Mitigating Security Challenges in Multi-cloud and Hybrid Cloud Environments: A Comprehensive Framework Based on AI, Blockchain, and Zero Trust Models
摘要
Using platforms like AWS, Azure, or google cloud, which offer flexibility and resilience but also present difficult security concerns, multi-cloud and hybrid clouds methods have become more popular in past years. These settings diversity leads to fragmented security rules, jumbled IAM and overlooked perimeter defenses. Because of the plurality in logging, this fragmented environment makes it harder to conduct effective audits and keeps increasing the risk of insider assaults.
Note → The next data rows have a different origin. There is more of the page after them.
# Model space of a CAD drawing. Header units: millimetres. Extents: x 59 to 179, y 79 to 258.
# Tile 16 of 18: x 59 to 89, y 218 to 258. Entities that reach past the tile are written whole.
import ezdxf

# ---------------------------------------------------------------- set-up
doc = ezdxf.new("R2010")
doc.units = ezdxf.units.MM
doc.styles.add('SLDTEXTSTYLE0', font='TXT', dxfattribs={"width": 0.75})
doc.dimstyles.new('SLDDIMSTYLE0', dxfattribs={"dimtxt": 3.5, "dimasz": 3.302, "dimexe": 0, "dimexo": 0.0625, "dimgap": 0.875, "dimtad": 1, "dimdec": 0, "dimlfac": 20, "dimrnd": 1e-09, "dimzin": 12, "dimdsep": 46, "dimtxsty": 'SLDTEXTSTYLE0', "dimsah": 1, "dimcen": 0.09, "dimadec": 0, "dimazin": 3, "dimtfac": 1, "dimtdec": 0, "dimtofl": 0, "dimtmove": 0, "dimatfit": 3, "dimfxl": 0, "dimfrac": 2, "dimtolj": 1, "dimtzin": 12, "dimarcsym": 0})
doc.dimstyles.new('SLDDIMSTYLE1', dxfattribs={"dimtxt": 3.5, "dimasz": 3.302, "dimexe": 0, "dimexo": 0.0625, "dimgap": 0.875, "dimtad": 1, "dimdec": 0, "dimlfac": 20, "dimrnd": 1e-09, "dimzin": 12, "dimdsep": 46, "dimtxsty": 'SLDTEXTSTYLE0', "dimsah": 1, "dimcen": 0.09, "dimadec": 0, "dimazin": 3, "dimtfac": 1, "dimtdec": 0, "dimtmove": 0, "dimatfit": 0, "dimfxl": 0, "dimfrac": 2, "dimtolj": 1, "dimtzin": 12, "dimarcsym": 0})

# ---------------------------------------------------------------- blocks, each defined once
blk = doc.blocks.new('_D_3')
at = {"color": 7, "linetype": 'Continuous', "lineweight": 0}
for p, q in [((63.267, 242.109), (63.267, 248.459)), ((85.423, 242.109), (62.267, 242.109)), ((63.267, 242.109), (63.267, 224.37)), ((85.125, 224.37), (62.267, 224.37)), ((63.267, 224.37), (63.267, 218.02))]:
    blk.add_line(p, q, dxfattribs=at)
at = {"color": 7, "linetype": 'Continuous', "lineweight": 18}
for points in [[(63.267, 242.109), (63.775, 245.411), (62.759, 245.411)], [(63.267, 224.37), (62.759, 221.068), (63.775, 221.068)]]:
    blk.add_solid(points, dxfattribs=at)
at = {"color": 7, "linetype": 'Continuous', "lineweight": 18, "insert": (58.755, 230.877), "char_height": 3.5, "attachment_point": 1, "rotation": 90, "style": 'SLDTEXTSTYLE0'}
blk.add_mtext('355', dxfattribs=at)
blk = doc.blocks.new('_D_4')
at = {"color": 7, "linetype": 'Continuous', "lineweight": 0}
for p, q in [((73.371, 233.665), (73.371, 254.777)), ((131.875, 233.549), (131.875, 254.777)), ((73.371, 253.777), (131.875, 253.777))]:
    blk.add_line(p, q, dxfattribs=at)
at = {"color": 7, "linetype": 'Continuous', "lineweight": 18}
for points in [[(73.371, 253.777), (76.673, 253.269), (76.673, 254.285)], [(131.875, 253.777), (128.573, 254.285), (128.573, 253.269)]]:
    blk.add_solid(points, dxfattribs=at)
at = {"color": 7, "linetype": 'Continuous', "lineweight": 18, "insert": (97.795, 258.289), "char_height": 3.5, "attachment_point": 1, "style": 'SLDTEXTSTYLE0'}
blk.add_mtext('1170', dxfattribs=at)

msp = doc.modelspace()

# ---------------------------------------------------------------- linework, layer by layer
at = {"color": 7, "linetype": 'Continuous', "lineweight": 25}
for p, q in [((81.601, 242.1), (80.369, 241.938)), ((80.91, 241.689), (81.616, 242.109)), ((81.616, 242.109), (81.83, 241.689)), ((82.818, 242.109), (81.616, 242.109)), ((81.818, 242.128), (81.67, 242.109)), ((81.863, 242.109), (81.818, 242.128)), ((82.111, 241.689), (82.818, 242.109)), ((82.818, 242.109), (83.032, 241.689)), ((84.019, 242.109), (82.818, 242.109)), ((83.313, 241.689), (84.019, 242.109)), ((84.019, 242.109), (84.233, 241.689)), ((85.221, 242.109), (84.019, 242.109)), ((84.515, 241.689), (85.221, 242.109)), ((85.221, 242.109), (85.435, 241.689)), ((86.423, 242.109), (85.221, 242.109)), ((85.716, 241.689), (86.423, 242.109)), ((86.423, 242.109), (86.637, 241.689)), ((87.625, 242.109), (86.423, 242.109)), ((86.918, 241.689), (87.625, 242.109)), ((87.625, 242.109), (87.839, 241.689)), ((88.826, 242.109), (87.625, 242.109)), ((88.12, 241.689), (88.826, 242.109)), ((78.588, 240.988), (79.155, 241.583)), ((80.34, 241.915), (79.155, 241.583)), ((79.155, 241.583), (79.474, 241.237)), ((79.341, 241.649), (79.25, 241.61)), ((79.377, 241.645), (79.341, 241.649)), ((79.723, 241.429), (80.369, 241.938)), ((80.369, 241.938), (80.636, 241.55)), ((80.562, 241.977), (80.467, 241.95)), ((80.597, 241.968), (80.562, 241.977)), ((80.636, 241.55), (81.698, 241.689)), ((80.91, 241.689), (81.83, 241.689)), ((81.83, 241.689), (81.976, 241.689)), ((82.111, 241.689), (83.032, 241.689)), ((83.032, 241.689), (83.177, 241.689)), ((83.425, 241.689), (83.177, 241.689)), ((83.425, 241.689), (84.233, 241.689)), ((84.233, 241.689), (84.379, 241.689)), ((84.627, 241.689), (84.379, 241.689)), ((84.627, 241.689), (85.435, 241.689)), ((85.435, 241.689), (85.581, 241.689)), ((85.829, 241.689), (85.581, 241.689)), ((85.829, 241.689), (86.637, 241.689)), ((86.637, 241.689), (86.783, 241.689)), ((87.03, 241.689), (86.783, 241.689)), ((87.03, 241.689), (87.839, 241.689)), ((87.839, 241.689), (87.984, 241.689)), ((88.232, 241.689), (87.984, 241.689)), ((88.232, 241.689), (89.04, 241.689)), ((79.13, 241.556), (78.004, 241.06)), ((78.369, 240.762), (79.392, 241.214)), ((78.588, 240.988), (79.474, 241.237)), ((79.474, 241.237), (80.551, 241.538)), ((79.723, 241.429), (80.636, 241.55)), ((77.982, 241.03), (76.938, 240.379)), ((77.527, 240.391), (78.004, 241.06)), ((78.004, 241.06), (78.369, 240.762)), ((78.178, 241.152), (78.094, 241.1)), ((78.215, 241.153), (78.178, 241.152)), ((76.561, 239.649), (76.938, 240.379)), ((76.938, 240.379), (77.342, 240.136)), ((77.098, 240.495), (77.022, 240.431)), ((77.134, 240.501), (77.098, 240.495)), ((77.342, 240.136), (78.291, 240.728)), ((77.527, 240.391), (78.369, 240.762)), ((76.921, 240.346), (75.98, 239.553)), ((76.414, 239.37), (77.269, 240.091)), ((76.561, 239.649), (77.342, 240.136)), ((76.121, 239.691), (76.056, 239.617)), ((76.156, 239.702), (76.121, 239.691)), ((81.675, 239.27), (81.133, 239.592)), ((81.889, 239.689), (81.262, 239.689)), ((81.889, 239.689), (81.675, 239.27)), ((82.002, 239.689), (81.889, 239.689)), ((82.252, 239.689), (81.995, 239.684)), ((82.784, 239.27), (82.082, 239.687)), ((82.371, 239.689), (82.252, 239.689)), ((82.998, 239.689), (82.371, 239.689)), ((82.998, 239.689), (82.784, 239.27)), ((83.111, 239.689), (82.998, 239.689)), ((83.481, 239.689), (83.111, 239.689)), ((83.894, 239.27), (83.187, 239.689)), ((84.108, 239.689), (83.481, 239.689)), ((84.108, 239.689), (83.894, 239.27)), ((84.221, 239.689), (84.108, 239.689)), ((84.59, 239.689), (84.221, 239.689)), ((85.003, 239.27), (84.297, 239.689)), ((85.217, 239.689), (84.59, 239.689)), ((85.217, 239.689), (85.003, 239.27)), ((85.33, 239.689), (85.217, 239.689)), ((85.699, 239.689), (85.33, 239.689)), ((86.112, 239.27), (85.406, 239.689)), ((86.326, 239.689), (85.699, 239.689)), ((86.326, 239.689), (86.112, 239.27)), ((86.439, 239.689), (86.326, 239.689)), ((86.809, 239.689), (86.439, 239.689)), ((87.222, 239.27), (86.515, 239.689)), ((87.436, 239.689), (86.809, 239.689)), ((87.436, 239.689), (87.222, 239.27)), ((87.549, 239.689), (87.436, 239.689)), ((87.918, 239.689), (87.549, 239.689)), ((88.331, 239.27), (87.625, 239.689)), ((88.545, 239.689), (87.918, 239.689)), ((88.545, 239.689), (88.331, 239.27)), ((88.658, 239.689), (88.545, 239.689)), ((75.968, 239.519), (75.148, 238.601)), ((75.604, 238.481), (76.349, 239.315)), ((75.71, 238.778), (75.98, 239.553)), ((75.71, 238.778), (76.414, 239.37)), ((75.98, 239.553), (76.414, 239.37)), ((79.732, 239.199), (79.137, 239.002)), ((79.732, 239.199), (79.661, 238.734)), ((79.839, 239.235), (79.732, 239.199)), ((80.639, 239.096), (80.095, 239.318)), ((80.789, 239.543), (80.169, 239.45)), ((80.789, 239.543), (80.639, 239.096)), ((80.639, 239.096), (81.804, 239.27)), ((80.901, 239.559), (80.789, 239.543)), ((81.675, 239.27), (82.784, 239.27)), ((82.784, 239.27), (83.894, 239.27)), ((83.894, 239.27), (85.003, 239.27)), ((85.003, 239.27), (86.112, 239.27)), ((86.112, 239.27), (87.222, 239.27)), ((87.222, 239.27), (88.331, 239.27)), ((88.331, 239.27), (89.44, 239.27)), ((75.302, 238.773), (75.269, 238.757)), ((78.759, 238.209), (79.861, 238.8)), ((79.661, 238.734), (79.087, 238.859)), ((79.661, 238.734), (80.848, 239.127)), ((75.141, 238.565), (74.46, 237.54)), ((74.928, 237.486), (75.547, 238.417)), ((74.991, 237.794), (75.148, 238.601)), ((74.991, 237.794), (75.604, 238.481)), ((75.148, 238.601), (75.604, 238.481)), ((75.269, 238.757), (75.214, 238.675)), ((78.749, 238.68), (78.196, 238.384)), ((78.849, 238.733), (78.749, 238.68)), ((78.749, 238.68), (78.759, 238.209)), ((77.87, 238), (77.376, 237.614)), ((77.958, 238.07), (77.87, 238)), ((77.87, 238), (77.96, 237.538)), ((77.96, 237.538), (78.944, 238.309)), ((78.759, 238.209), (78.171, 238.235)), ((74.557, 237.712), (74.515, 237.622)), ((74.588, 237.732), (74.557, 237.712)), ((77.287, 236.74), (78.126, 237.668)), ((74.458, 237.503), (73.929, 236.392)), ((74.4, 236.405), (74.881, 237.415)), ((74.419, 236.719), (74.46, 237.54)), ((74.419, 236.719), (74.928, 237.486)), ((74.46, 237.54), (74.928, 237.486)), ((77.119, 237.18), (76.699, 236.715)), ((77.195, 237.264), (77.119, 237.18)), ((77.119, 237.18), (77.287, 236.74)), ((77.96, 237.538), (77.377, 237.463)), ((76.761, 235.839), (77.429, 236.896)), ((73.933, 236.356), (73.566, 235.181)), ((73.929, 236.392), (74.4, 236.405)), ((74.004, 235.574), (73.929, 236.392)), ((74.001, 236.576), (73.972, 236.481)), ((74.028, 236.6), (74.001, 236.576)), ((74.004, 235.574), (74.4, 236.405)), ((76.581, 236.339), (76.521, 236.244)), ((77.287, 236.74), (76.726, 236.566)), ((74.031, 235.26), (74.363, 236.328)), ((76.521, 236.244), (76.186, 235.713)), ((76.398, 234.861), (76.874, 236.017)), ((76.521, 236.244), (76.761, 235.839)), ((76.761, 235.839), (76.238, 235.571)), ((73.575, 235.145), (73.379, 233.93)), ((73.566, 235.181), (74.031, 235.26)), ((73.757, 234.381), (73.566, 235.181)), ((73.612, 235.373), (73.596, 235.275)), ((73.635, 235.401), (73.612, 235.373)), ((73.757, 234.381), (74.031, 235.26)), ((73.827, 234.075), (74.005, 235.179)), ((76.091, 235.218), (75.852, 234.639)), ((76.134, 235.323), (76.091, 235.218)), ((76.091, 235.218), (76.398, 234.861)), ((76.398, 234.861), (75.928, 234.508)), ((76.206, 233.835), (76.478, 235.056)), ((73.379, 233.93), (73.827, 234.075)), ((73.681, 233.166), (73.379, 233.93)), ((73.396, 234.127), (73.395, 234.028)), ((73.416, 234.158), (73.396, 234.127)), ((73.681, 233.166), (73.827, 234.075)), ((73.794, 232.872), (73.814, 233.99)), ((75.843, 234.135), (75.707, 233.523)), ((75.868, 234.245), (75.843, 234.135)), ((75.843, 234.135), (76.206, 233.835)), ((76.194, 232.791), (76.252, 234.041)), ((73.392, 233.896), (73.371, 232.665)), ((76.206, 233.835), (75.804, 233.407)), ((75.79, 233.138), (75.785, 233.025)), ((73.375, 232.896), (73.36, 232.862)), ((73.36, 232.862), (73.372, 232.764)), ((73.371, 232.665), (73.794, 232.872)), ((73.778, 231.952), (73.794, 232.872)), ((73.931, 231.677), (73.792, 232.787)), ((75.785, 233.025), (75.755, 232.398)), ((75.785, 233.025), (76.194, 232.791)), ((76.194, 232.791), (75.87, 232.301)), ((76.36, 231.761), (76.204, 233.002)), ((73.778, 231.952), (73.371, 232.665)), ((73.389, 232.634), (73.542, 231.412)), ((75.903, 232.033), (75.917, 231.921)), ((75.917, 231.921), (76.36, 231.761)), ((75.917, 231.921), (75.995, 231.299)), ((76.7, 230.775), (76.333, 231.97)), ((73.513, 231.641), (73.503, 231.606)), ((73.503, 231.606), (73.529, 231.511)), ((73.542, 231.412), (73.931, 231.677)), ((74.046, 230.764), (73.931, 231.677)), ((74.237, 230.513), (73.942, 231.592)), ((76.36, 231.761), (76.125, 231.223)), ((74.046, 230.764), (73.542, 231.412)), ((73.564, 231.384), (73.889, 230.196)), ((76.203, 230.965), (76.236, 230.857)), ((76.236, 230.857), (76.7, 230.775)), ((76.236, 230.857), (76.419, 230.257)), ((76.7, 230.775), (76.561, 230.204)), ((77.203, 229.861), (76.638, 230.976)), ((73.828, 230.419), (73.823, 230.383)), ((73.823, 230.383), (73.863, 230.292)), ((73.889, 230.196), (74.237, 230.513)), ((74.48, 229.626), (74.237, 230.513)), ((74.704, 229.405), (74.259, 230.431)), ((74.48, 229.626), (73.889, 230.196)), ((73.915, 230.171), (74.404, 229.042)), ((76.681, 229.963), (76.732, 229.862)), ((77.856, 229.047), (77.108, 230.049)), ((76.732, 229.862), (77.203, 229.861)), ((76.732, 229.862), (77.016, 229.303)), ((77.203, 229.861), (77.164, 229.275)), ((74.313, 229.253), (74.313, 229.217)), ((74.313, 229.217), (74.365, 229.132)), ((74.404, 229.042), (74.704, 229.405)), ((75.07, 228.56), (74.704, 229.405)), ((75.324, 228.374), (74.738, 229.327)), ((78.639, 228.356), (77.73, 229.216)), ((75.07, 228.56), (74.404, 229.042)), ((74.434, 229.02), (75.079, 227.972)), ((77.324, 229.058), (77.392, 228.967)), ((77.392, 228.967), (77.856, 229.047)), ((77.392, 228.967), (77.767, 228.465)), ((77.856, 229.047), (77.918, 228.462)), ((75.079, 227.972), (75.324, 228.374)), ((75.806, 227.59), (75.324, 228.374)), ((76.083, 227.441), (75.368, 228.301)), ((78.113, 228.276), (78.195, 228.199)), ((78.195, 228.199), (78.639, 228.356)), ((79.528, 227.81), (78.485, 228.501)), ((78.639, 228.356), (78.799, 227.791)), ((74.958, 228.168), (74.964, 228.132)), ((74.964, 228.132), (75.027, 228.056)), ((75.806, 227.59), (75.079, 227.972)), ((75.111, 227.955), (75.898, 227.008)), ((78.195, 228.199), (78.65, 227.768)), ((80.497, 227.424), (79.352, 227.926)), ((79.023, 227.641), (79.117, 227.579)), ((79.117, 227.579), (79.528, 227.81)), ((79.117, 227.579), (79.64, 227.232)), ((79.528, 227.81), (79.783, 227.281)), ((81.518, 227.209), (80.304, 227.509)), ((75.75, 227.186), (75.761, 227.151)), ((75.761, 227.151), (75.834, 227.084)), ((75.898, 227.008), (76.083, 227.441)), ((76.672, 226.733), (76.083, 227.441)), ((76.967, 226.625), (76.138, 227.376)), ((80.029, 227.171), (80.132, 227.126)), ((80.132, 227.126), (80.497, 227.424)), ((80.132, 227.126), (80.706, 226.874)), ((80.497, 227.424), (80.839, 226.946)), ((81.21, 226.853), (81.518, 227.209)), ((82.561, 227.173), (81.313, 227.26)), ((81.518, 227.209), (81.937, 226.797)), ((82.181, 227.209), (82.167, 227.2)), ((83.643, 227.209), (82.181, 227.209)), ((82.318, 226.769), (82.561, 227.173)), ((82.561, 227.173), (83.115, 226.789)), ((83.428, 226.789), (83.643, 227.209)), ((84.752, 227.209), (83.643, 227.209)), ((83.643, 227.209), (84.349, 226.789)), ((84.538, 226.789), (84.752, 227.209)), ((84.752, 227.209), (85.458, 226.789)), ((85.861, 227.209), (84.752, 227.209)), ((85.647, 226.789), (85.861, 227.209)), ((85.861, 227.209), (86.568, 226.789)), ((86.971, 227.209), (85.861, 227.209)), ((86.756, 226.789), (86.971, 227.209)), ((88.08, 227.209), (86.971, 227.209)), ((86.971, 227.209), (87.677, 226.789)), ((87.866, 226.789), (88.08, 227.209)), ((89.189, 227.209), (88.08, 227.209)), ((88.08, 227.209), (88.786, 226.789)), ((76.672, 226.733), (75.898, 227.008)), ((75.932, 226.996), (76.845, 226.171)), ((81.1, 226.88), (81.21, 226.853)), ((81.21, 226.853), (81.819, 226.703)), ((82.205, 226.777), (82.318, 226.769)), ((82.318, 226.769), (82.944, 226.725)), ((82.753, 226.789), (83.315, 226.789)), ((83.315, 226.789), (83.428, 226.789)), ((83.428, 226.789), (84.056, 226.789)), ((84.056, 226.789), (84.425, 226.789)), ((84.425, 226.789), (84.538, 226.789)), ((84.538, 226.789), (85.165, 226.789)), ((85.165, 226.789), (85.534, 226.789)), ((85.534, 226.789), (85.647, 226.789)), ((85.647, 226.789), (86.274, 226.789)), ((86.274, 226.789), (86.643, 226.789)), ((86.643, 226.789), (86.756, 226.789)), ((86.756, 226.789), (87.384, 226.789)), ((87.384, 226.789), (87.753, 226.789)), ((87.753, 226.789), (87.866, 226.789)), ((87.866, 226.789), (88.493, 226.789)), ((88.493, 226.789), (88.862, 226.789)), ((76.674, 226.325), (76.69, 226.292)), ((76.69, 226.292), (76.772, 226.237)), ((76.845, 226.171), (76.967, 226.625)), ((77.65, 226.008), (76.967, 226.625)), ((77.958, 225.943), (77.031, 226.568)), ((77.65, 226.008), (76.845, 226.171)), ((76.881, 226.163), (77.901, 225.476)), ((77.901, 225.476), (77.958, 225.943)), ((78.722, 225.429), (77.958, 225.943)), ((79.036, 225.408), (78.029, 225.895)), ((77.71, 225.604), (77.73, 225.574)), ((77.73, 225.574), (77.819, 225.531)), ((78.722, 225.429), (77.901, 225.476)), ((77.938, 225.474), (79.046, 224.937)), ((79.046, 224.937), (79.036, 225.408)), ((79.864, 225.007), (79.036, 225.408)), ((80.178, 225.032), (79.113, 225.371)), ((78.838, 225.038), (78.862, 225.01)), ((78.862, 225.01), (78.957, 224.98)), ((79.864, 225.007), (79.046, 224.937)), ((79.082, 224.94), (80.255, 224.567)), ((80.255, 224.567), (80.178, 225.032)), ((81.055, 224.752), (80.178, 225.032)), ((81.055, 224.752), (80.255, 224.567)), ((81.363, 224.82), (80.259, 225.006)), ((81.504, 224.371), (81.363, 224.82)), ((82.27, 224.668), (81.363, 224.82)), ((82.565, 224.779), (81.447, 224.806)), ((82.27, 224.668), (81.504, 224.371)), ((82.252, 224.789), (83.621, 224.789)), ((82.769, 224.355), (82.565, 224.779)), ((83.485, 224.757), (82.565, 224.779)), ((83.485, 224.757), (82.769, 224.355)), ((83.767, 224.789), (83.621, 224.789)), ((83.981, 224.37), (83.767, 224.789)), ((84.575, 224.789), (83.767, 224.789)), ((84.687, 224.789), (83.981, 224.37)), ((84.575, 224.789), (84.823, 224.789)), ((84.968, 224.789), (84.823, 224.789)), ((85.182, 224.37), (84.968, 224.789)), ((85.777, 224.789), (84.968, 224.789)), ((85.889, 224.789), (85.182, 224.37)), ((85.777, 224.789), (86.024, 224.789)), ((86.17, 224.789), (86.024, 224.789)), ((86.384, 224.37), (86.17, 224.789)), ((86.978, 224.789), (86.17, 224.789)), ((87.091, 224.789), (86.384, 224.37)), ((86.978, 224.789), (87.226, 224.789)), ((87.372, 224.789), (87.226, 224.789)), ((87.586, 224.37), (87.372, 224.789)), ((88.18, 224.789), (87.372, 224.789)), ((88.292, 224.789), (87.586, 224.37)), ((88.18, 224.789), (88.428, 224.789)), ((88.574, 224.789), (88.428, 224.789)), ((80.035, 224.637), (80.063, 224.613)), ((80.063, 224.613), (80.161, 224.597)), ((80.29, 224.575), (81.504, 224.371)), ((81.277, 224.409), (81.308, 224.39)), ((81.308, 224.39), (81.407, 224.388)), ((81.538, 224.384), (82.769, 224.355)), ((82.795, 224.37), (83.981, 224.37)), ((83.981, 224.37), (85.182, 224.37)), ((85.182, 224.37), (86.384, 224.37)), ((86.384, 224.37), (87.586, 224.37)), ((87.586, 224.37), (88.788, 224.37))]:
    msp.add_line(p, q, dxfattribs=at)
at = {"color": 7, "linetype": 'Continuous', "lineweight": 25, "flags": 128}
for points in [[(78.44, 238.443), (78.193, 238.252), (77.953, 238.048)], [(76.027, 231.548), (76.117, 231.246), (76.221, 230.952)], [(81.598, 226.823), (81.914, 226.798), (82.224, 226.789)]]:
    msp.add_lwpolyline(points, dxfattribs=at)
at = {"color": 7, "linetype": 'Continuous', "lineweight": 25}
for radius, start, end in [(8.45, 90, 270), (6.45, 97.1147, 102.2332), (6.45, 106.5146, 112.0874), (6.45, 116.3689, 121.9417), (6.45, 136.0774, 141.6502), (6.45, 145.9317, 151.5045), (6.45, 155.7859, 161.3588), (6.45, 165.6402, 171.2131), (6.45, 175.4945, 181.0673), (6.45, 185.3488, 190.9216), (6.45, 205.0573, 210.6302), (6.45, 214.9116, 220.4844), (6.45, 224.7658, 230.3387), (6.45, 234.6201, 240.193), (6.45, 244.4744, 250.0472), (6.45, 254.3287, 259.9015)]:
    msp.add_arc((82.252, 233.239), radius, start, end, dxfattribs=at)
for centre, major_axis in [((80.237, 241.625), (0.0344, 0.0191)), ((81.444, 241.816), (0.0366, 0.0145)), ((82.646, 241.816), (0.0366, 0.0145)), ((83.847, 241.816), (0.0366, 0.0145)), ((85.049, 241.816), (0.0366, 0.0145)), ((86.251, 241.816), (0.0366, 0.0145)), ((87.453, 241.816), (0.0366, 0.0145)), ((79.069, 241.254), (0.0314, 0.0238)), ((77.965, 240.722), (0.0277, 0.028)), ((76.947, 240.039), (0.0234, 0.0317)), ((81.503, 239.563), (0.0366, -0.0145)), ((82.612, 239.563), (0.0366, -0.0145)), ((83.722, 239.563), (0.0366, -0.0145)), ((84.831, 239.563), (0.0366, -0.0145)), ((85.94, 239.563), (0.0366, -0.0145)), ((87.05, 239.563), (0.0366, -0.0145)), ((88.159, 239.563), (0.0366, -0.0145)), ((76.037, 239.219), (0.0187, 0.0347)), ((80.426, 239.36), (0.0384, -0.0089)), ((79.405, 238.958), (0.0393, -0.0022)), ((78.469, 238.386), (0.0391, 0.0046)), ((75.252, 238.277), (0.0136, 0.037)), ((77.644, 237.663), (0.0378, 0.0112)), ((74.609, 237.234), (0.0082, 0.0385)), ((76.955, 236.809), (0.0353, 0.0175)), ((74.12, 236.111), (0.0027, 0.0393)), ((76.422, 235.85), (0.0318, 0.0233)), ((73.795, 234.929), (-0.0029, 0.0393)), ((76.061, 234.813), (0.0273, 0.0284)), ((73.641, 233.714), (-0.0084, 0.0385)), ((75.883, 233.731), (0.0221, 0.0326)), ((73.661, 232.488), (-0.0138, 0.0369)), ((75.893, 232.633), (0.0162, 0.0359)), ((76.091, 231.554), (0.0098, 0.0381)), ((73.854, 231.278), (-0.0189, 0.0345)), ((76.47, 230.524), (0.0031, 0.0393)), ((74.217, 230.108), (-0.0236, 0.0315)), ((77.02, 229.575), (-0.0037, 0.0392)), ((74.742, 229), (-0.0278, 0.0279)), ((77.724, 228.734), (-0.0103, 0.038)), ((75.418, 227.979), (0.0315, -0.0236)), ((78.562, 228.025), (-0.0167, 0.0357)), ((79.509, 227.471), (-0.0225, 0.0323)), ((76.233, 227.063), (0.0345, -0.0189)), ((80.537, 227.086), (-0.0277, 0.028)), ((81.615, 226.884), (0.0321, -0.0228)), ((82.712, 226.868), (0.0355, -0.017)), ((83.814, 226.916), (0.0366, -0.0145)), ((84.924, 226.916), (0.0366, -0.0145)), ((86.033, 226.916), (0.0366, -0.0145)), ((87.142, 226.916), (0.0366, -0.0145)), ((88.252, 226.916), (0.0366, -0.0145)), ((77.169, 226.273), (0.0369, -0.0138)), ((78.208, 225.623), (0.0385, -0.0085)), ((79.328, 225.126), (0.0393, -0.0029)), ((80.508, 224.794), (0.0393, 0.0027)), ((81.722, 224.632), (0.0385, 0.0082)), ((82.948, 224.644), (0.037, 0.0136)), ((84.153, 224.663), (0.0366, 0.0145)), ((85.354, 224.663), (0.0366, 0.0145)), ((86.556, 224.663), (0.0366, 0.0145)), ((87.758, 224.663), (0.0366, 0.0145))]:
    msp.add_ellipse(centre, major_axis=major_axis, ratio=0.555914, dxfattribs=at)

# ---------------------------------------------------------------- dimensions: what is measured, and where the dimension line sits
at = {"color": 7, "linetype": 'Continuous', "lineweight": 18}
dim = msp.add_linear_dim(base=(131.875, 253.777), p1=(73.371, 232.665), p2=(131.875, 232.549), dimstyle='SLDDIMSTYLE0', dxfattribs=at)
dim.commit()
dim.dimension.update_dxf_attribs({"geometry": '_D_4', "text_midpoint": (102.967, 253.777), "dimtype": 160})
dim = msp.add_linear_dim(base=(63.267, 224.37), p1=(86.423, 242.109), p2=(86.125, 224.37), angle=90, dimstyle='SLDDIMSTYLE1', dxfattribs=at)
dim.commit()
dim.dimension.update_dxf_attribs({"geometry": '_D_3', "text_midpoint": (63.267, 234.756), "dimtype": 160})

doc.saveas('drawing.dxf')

We address this gap by introducing a four layered paradigm that integrates blockchain, Artificial intelligence and ZT. The intelligence hub, the security control and AI layer, gathers telemetry from every cloud. Through the application of several AI/ML models, such as LSTM autoencoders and isolation Forest, the time anomaly alert greatly aids in the real time ZT policy decisions by continuously monitoring user behavior and workload variations. The blockchain integrity layer which uses a permission blockchain to ensure non-repudiation and compliance, empirically tests the frameworks theoretical soundness in an emulated hybrid-cloud experiment using Ai logs to measure and check the routing of extracts through model for Ai-based undesired event detection, latency for blockchain-based logging, and correct enforcement in the zero Trust model. To solve the omnipresent security, visibility, and compliance concerns in the fluid multi-cloud and hybrid cloud environments, we introduce in this study for the first time an integrated security methodology that we call the Ai-blockchain-zero trust (ABZT) architecture. Legacy perimeter-centric models can't keep up with advanced persistent threats, (APT), and insider risks; it's time for a new approach: continuous verification (Zero Trust) coupled with state-of-the-art, behavior-based threat analysis (AI) and tamper-proof audit trails (Blockchain).